Can I use Headroom with multiple agents that share context? Yes — that’s the SharedContext and cross-agent memory feature. Run headroom wrap claude and headroom wrap codex on the same machine, and they read from the same compressed memory store with auto-dedup and agent provenance tracking. This is one of the strongest selling points for teams using Claude Code + Codex + Cursor in parallel.

Does it work with LangChain / LangGraph / Vercel AI SDK? Yes to all three: HeadroomChatModel(your_llm) for LangChain, headroomMiddleware() for Vercel AI SDK’s wrapLanguageModel, and LangGraph works via the LangChain integration. There’s also HeadroomAgnoModel for Agno, a dedicated Strands guide, ASGI middleware (CompressionMiddleware) for any FastAPI/Starlette app, and a LiteLLM callback (HeadroomCallback).

Is the Kompress-base model trustworthy? It’s published on HuggingFace (chopratejas/kompress-base) with a model card. Trained on “agentic traces” — meaning tool call transcripts, logs, RAG outputs — not generic web text. Apache 2.0 weights. Skim the model card before using in regulated environments, but it’s transparent.

What about MCP — how do the three exposed tools work? headroom mcp install registers the server. The LLM (Claude Desktop, Cursor, etc.) sees three tools: headroom_compress(content, content_type) to actively compress something, headroom_retrieve(cache_key, query?) to get back the original or a filtered slice, and headroom_stats() for visibility. The retrieval tool is what makes aggressive compression safe — the model can always reach back for the original data.

Is there a hosted version? No — it’s deliberately local-first. The README’s positioning: “Your data stays here.” Compresr and Token Co. take the hosted-API approach (and Tejas explicitly contrasts Headroom against them). If you want hosted, those exist; if you want local + reversible + open-source, Headroom is the only option in the comparison table.

Verdict

Headroom is the most architecturally-honest entrant in the “LLM cost reduction” space because it does three things competitors don’t: compresses every content type (not just one), is reversible (originals stay local, LLM retrieves on demand), and runs entirely on your machine (no third-party API, no data egress).

The 60–95% numbers are real on the workloads they benchmark, but they’re not universal.
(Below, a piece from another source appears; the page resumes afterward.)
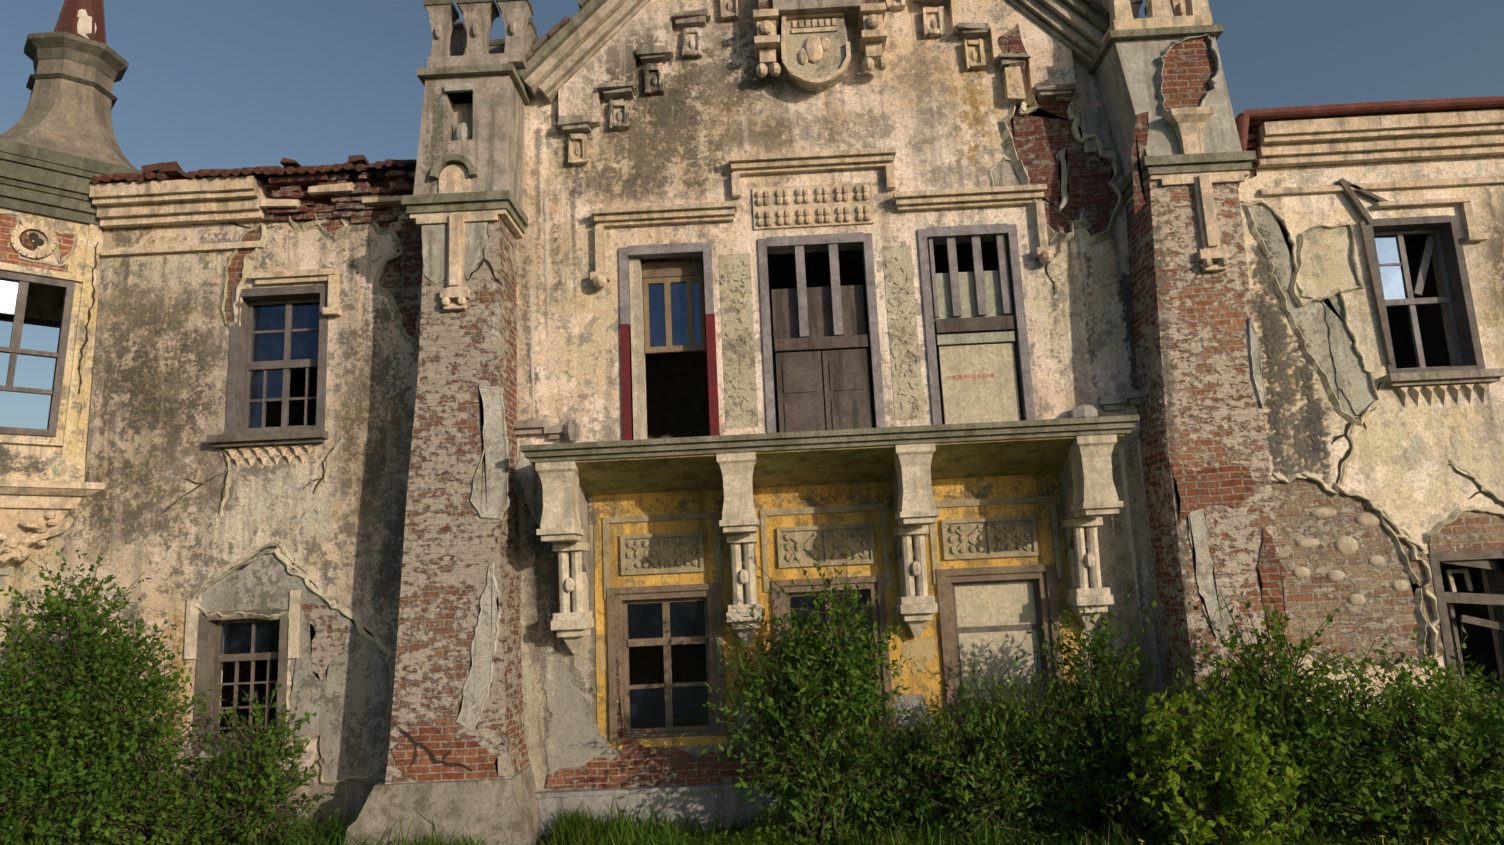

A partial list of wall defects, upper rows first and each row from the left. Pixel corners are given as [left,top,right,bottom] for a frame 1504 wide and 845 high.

The honest version: for tool-heavy coding agents and RAG-heavy retrieval workloads, expect 70–90% reduction. For prompt-heavy chat workloads, expect 20–40%. For long-conversation workflows, Anthropic’s prompt caching probably saves more than Headroom on its own (use both).
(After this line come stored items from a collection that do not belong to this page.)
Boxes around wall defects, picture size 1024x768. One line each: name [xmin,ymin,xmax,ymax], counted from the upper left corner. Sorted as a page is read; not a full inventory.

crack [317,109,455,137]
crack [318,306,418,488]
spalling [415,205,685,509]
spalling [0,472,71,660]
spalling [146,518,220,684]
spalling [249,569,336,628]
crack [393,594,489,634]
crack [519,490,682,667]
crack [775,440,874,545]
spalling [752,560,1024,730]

If you’re running Claude Code, Codex, or Cursor with significant tool usage and your bill is over $50/month, install it tonight with headroom wrap <agent> and check headroom stats after a week. Downside: 50MB disk and 1–5ms per request. Upside on the right workload: paying for one agent instead of five.

The repo is chopratejas/headroom, Apache 2.0, with active maintenance and a healthy Discord. The author is a Netflix senior engineer who built this to solve his own $200/day problem — the best signal you can get that a tool will keep being maintained.